Lensbaby Spark - Special Edition
Das Lensbaby Spark gibt es auch als Special Edition. Im Gegensatz zur normalen Ausgabe des Sparks (siehe letzter Blogbeitrag) besitzt dieses Lensbaby nicht die feste Blende f5.6 sondern kommt mit einer Anfangsblende von f2.0. Damit ist es lichtstärker und auch auf das Bild hat die größere Blendenöffnung  deutliche Auswirkungen: der Sweetspot ist kleiner, der Bokeh-Bereich entsprechend größer. Damit hat man auch bei Crop-Kameras einen deutlich größeren/sichtbareren „Lensbaby-Effekt“. Das Fokussieren wird bei großen Blenden dafür aber deutlich schwieriger!

Ein weiterer Unterschied zur normalen Version sind die mitgelieferten Blendenscheiben, die mit dem ebenfalls in der Packung enthaltenen Magnetwerkzeug vor der Linse angebracht werden können. Damit hat man nun die Wahl zwischen den Blenden 2.0, 2.8, 4.0 und 5.6. Außerdem sind noch einige Blendenscheiben mit Mustern dabei. Diese erzeugen bei Spitzlichtern im Bokeh die entsprechende Form.

Die restlichen Spezifikationen der Special Edition stimmen mit denen der regulären Version überein: Brennweite 50mm, vergütete Doppelglasoptik, manuelle Fokussierung, Fokusbereich von 33 cm bis unendlich, kompatibel mit dem Lensbaby Optic Swap System, Fokus-Minimalabstand 33 Zentimeter und ein Filtergewinde von 37 mm.

Bei allen Bildern im Beitrag gilt wie immer: Klick macht groß!

Die folgenden Aufnahmen zeigen die Auswirkung der verschiedenen Blenden auf den Sweetspot, aufgenommen mit der Vollformatkamera Nikon D800. Dabei war es schwierig, immer genau gleich zu fokussieren. Ich habe versucht, die Frontlinse einigermaßen parallel zur Sensorebene zu stellen. Verkippt man die Frontlinse, dann ist der Sweetspot nicht mehr rund sondern wird immer ovaler. Das letzte Bild der Serie wurde zum Vergleich mit dem Nikkor 1.8/50mm AF-S G bei Blende 2.0 aufgenommen. Der Bildausschnitt, bzw. Sehwinkel beim Lensbaby scheint mir etwas kleiner zu sein als beim Nikkor 50mm.

Durch Ziehen am Tubus verkürzt man den Abstand zum Subjekt der Aufnahme und so sind auch Nahaufnahmen möglich.

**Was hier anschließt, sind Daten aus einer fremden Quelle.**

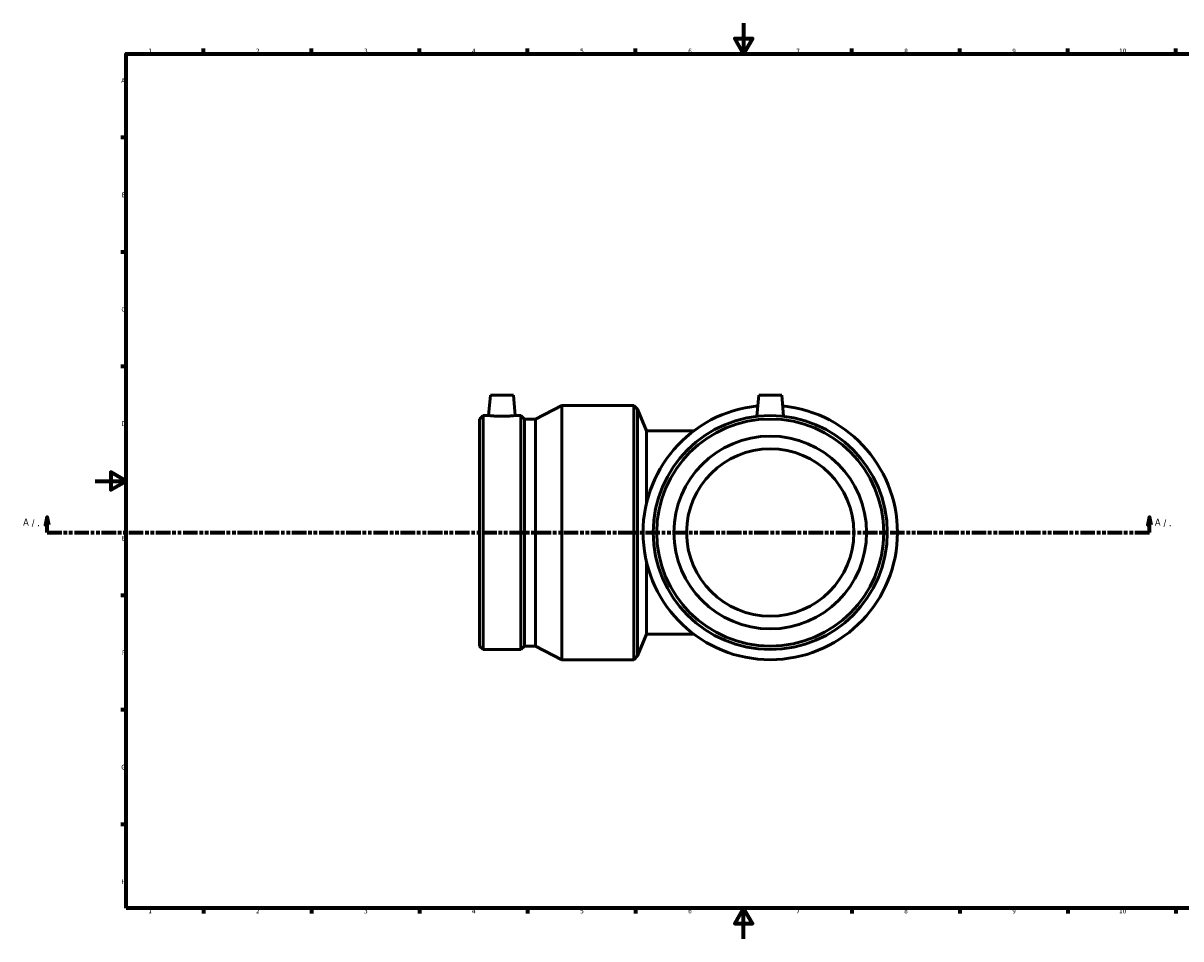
# Model space of a CAD drawing. Header units: millimetres. Extents: x -682 to 1407, y -1111 to 1108.
# Tile 4 of 7: x -47 to 704, y 0 to 594. Entities that reach past the tile are written whole.
import ezdxf

# ---------------------------------------------------------------- set-up
doc = ezdxf.new("R2010")
doc.units = ezdxf.units.MM
doc.linetypes.add('DOUBLE_DASH_CHAIN', pattern=[1.2403, 0.6614, -0.0827, 0.1654, -0.0827, 0.1654, -0.0827])
for name, color, linetype, lineweight in [('Border (ANSI)', 7, 'Continuous', 70), ('Section Line (ANSI)', 7, 'DOUBLE_DASH_CHAIN', 70), ('Visible (ANSI)', 7, 'Continuous', 50)]:
    doc.layers.add(name, color=color, linetype=linetype, lineweight=lineweight)
doc.styles.add('Label Text (ANSI)', font='tahoma.ttf')
doc.styles.add('Note Text (ANSI)', font='tahoma.ttf')

# ---------------------------------------------------------------- blocks, each defined once
blk = doc.blocks.new('Borders Default Border')
at = {"layer": 'Border (ANSI)'}
for p, q in [((70.08, 574), (70.08, 577.45)), ((140.17, 574), (140.17, 577.45)), ((210.25, 574), (210.25, 577.45)), ((280.33, 574), (280.33, 577.45)), ((350.42, 574), (350.42, 577.45)), ((490.58, 574), (490.58, 577.45)), ((560.67, 574), (560.67, 577.45)), ((630.75, 574), (630.75, 577.45)), ((700.83, 574), (700.83, 577.45)), ((20, 519.75), (16.55, 519.75)), ((20, 445.5), (16.55, 445.5)), ((20, 371.25), (16.55, 371.25)), ((20, 222.75), (16.55, 222.75)), ((20, 148.5), (16.55, 148.5)), ((20, 74.25), (16.55, 74.25)), ((70.08, 20), (70.08, 16.55)), ((140.17, 20), (140.17, 16.55)), ((210.25, 20), (210.25, 16.55)), ((280.33, 20), (280.33, 16.55)), ((350.42, 20), (350.42, 16.55)), ((490.58, 20), (490.58, 16.55)), ((560.67, 20), (560.67, 16.55)), ((630.75, 20), (630.75, 16.55)), ((700.83, 20), (700.83, 16.55))]:
    blk.add_line(p, q, dxfattribs=at)
at = {"layer": 'Border (ANSI)', "flags": 128}
for points in [[(420.5, 594), (420.5, 574), (414.73, 584), (426.27, 584), (420.5, 574)], [(20, 20), (20, 574), (821, 574), (821, 20), (20, 20)], [(0, 297), (20, 297), (10, 302.77), (10, 291.23), (20, 297)], [(420.5, 0), (420.5, 20), (414.73, 10), (426.27, 10), (420.5, 20)]]:
    blk.add_lwpolyline(points, dxfattribs=at)
at = {"layer": 'Border (ANSI)', "attachment_point": 7, "style": 'Note Text (ANSI)'}
for s, insert, char_height in [('1', (34.35, 574.4), 3.05), ('2', (104.2, 574.4), 3.05), ('3', (174.26, 574.34), 3.05), ('4', (244.23, 574.4), 3.05), ('5', (314.48, 574.34), 3.05), ('6', (384.49, 574.34), 3.05), ('7', (454.6, 574.4), 3.05), ('8', (524.63, 574.33), 3.05), ('9', (594.7, 574.34), 3.05), ('10', (663.96, 574.34), 3.048), ('A', (16.78, 555.35), 3.05), ('B', (17.15, 481.1), 3.05), ('C', (16.95, 406.8), 3.05), ('D', (16.96, 332.6), 3.05), ('E', (17.21, 258.35), 3.05), ('F', (17.29, 184.1), 3.05), ('G', (16.81, 109.79), 3.05), ('H', (16.97, 35.6), 3.05), ('1', (34.35, 16.55), 3.05), ('2', (104.2, 16.55), 3.05), ('3', (174.26, 16.49), 3.05), ('4', (244.23, 16.55), 3.05), ('5', (314.48, 16.49), 3.05), ('6', (384.49, 16.49), 3.05), ('7', (454.6, 16.55), 3.05), ('8', (524.63, 16.48), 3.05), ('9', (594.7, 16.49), 3.05), ('10', (663.96, 16.49), 3.048)]:
    blk.add_mtext(s, dxfattribs=dict(at, insert=insert, char_height=char_height))
blk = doc.blocks.new('2dTransSection0')
at = {"layer": 'Section Line (ANSI)', "linetype": 'Continuous'}
for p, q in [((-31.24, 273.58), (-32.24, 268.58)), ((-31.24, 268.58), (-31.24, 273.58)), ((-30.24, 268.58), (-31.24, 273.58)), ((683.76, 273.58), (682.76, 268.58)), ((683.76, 268.58), (683.76, 273.58)), ((684.76, 268.58), (683.76, 273.58)), ((-32.24, 268.58), (-30.24, 268.58)), ((-31.24, 263.58), (-31.24, 268.58)), ((-31.24, 263.58), (-21.7, 263.58)), ((674.22, 263.58), (683.76, 263.58)), ((682.76, 268.58), (684.76, 268.58)), ((683.76, 263.58), (683.76, 268.58))]:
    blk.add_line(p, q, dxfattribs=at)
at = {"layer": 'Section Line (ANSI)', "linetype": 'DOUBLE_DASH_CHAIN', "ltscale": 14.219612}
blk.add_line((-31.24, 263.58), (683.76, 263.58), dxfattribs=at)
at = {"layer": 'Section Line (ANSI)', "linetype": 'Continuous', "flags": 128}
for points in [[(-30.24, 268.58), (-31.24, 273.58), (-32.24, 268.58), (-30.24, 268.58)], [(684.76, 268.58), (683.76, 273.58), (682.76, 268.58), (684.76, 268.58)]]:
    blk.add_lwpolyline(points, dxfattribs=at)
at = {"layer": 'Section Line (ANSI)'}
for points in [[(-30.24, 268.58), (-31.24, 273.58), (-32.24, 268.58), (-30.24, 268.58)], [(684.76, 268.58), (683.76, 273.58), (682.76, 268.58), (684.76, 268.58)]]:
    blk.add_solid(points, dxfattribs=at)
at = {"layer": 'Section Line (ANSI)', "attachment_point": 7, "style": 'Label Text (ANSI)'}
for s, insert, char_height in [('A', (-46.84, 268.08), 4.57), (' / .', (-42.98, 267.08), 4.572), ('A', (687.23, 268.08), 4.57), (' / .', (691.09, 267.08), 4.572)]:
    blk.add_mtext(s, dxfattribs=dict(at, insert=insert, char_height=char_height))

msp = doc.modelspace()

# ---------------------------------------------------------------- linework, layer by layer
at = {"layer": 'Visible (ANSI)'}
for p, q in [((256.259, 352.583), (255.113, 339.483)), ((256.259, 352.583), (271.259, 352.583)), ((271.259, 352.583), (272.405, 339.483)), ((285.509, 337.206), (302.509, 346.083)), ((302.509, 181.083), (302.509, 346.083)), ((302.509, 346.083), (349.259, 346.083)), ((349.259, 181.083), (349.259, 346.083)), ((351.676, 343.667), (349.259, 346.083)), ((430.259, 352.583), (429.07, 338.984)), ((430.259, 352.583), (445.259, 352.583)), ((445.259, 352.583), (446.449, 338.984)), ((249.259, 337.206), (251.536, 339.483)), ((251.536, 187.683), (251.536, 339.483)), ((251.536, 339.483), (255.113, 339.483)), ((272.405, 339.483), (275.982, 339.483)), ((275.982, 187.683), (275.982, 339.483)), ((278.259, 337.206), (275.982, 339.483)), ((351.676, 183.499), (351.676, 343.667)), ((357.509, 329.583), (351.676, 343.667)), ((249.259, 189.96), (249.259, 337.206)), ((278.259, 189.96), (278.259, 337.206)), ((278.259, 337.206), (285.509, 337.206)), ((285.509, 189.96), (285.509, 337.206)), ((357.509, 329.583), (357.509, 282.719)), ((388.259, 329.583), (357.509, 329.583)), ((357.509, 244.447), (357.509, 197.583)), ((357.509, 197.583), (351.676, 183.499)), ((357.509, 197.583), (388.259, 197.583)), ((249.259, 189.96), (251.536, 187.683)), ((278.259, 189.96), (275.982, 187.683)), ((278.259, 189.96), (285.509, 189.96)), ((285.509, 189.96), (302.509, 181.083)), ((251.536, 187.683), (275.982, 187.683)), ((302.509, 181.083), (349.259, 181.083)), ((351.676, 183.499), (349.259, 181.083))]:
    msp.add_line(p, q, dxfattribs=at)
for radius in [75.9, 73.623, 62.5, 54.25]:
    msp.add_circle((437.759, 263.583), radius, dxfattribs=at)
msp.add_arc((437.759, 263.583), 82.5, 95.63698, 84.36302, dxfattribs=at)
msp.add_open_spline([(272.405, 339.483), (272.405, 339.483), (272.189, 339.457), (271.311, 339.364), (270.648, 339.297), (269.116, 339.172), (268.144, 339.105), (266.011, 339.01), (264.849, 338.984), (262.669, 338.984), (261.508, 339.01), (259.375, 339.105), (258.403, 339.172), (256.871, 339.297), (256.208, 339.364), (255.329, 339.457), (255.113, 339.483), (255.113, 339.483)], degree=3, knots=[1.3072739, 1.3072739, 1.3072739, 1.3072739, 1.633902, 1.633902, 1.9605301, 1.9605301, 2.287539, 2.287539, 2.6145478, 2.6145478, 2.9415567, 2.9415567, 3.2685656, 3.2685656, 3.5951937, 3.5951937, 3.9218218, 3.9218218, 3.9218218, 3.9218218], dxfattribs=at)

# ---------------------------------------------------------------- block references
msp.add_blockref('Borders Default Border', (0, 0))
at = {"layer": 'Section Line (ANSI)'}
msp.add_blockref('2dTransSection0', (0, 0), dxfattribs=at)

doc.saveas('drawing.dxf')

Die folgenden Beispielaufnahmen wurden alle in Neustadt an der Waldnaab (Oberpfalz/Bayern) mit der Nikon D800 und einer festen Blende von f4.0 aufgenommen.

Insgesamt ist das Preis-Leistungs-Verhältnis bei der Special Edition viel besser als bei der Standardversion. Man gewinnt an Flexibilität und Möglichkeiten durch die größere Lichtstärke und den mitgelieferten Blendeneinsätzen. Bedenkt man noch, dass der Preis der Special Edition auf der offiziellen Webseite des Lensbaby-Importeurs in Deutschland derselbe ist wie für die normale Version des Objektivs, so empfehle ich auf jeden Fall zur Special Edition zu greifen, solange es diese Version noch gibt.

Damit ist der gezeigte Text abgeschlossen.